[Start of section]

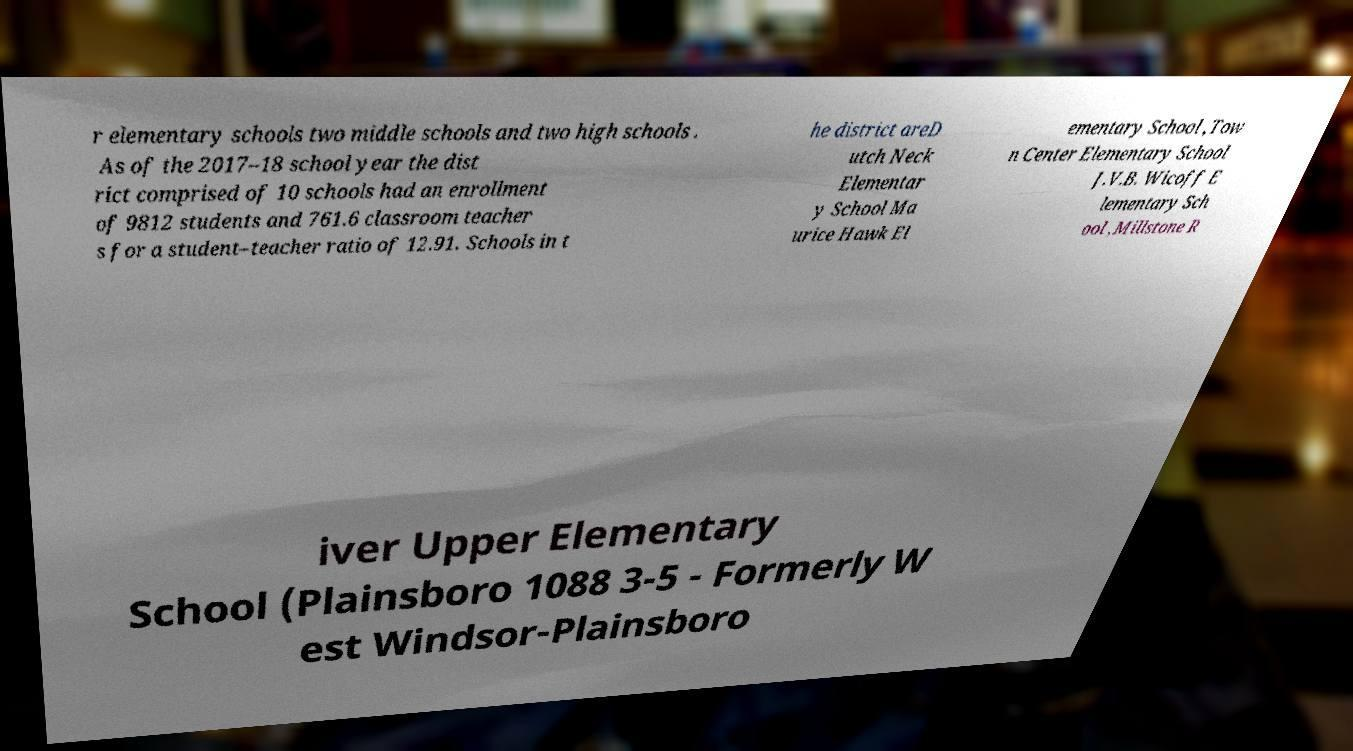Could you assist in decoding the text presented in this image and type it out clearly? r elementary schools two middle schools and two high schools . As of the 2017–18 school year the dist rict comprised of 10 schools had an enrollment of 9812 students and 761.6 classroom teacher s for a student–teacher ratio of 12.91. Schools in t he district areD utch Neck Elementar y School Ma urice Hawk El ementary School ,Tow n Center Elementary School J.V.B. Wicoff E lementary Sch ool ,Millstone R iver Upper Elementary School (Plainsboro 1088 3-5 - Formerly W est Windsor-Plainsboro 
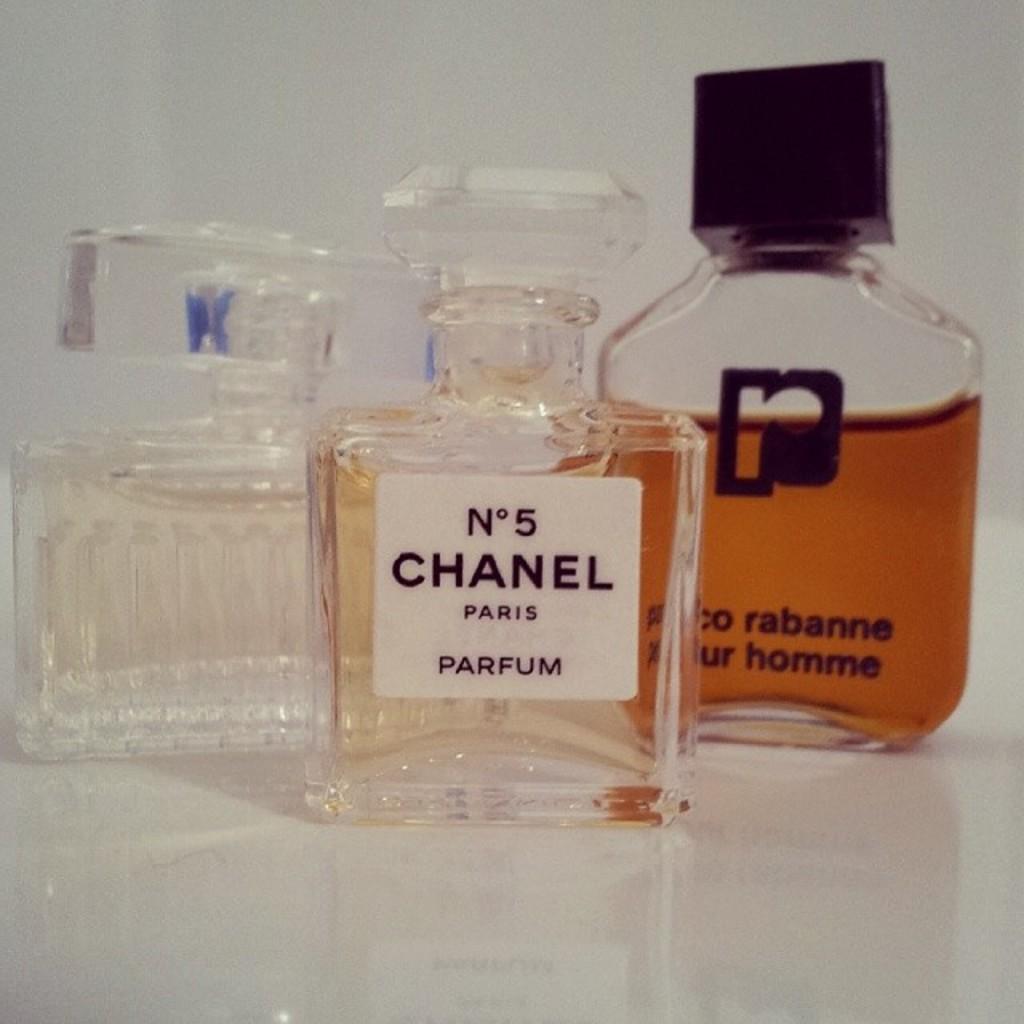Who makes n 5?
Offer a terse response. Chanel. What country is the middle perfume made in?
Give a very brief answer. France. 
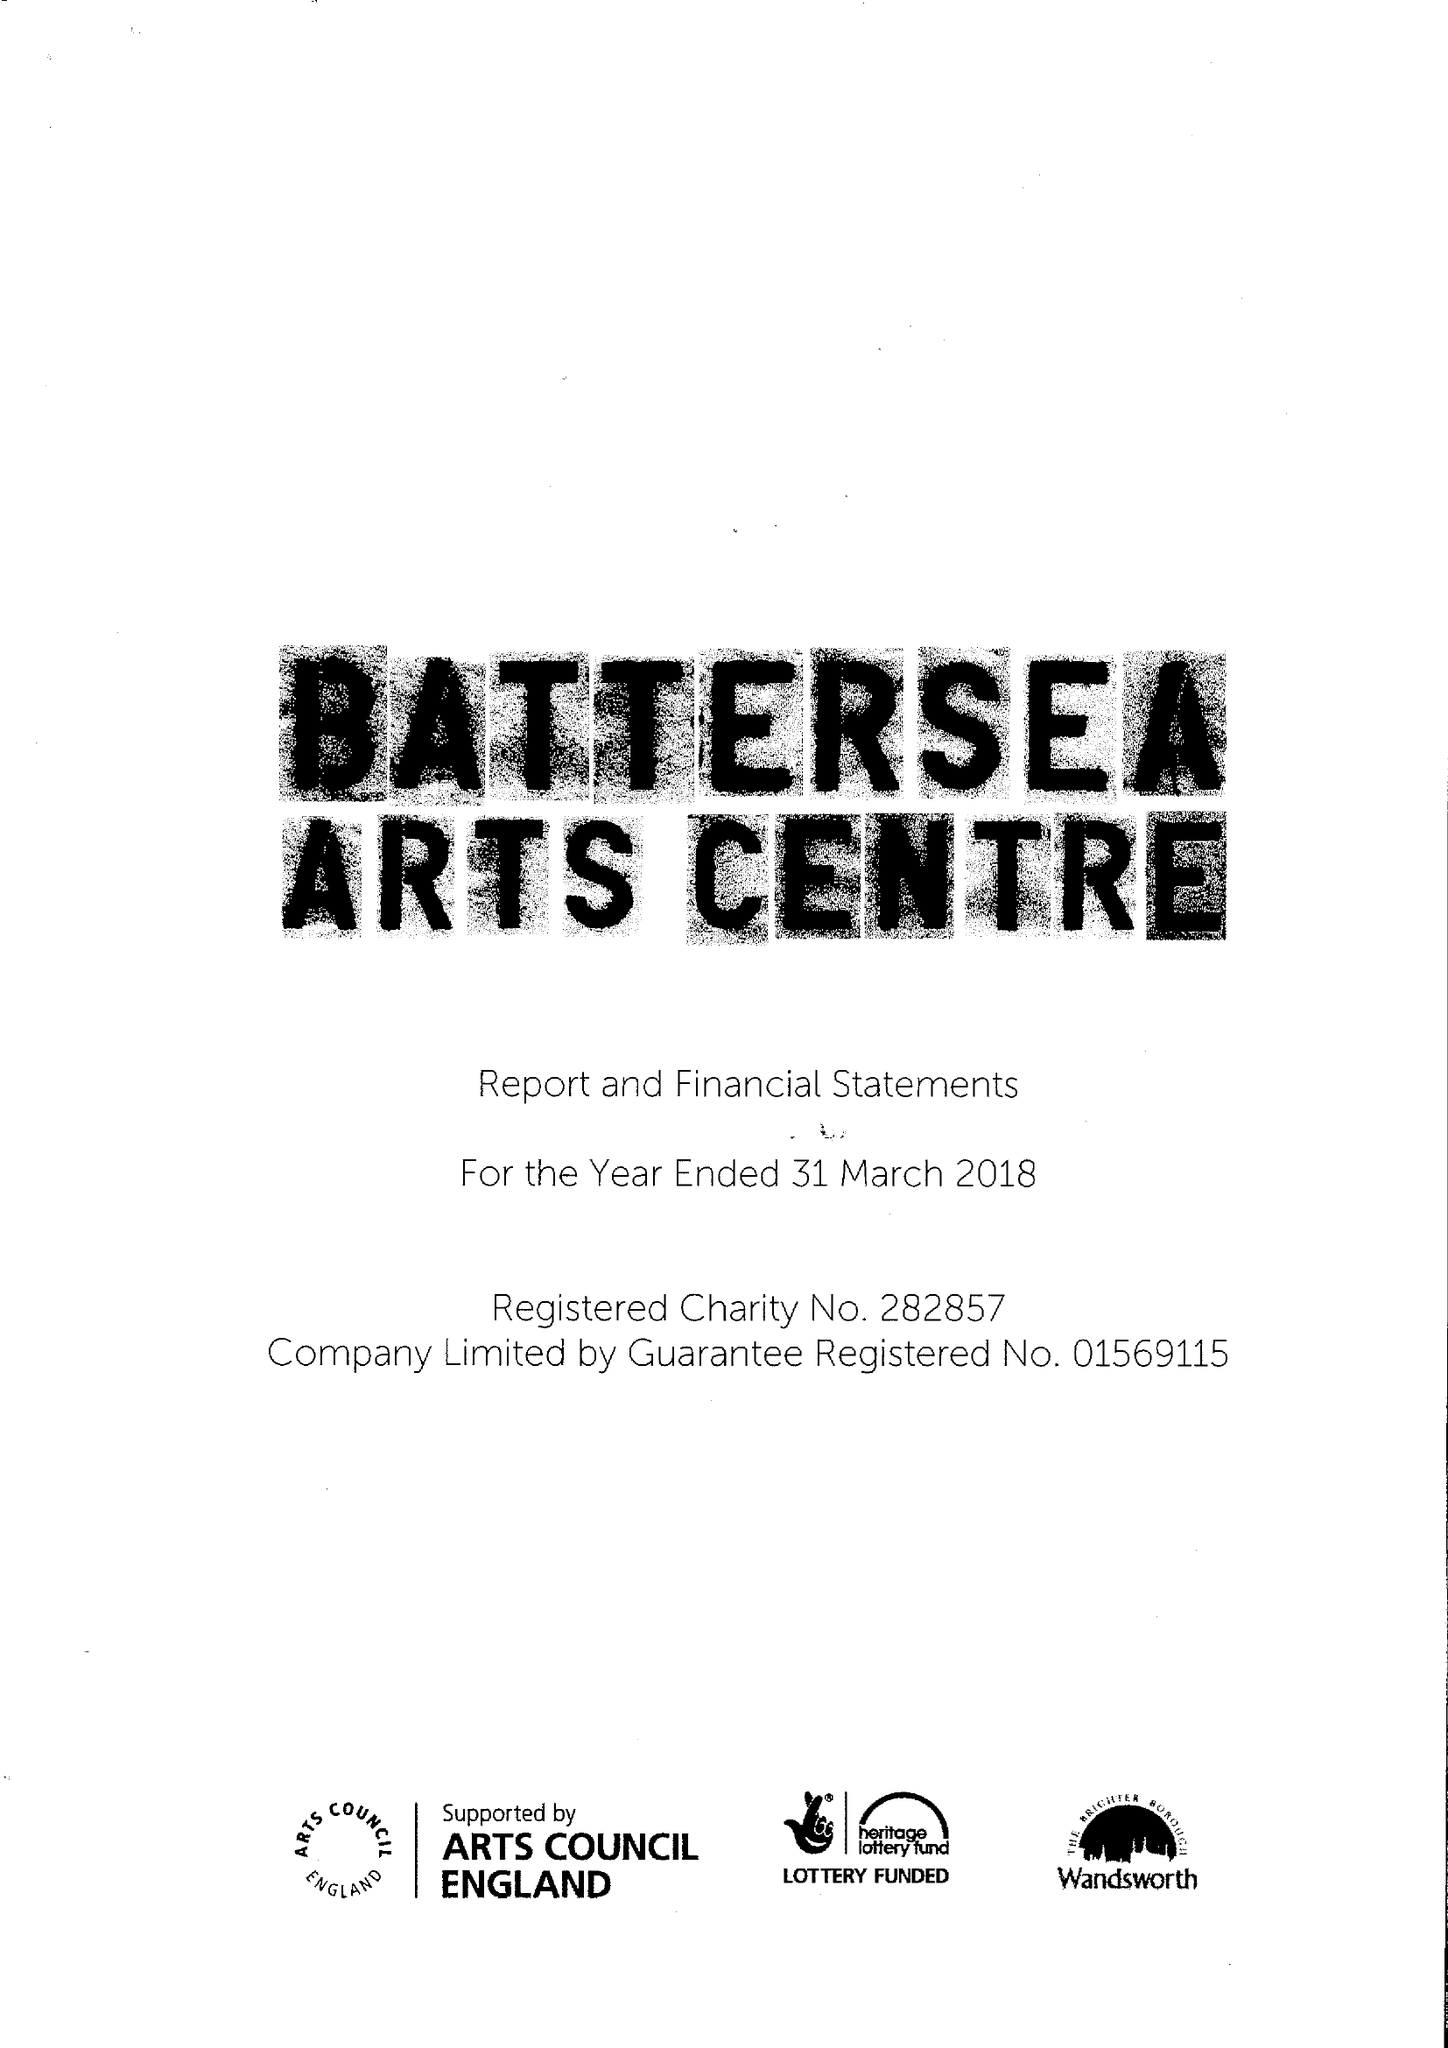What is the value for the address__postcode?
Answer the question using a single word or phrase. SW11 5TN

[End of section]

> TRY IT
Please retype the entries above word for word, but only from the line containing "What is the value for the address__postcode?" through the last line, and without the pictures.

> WRITTEN SOLUTION
What is the value for the address__postcode?
Answer the question using a single word or phrase. SW11 5TN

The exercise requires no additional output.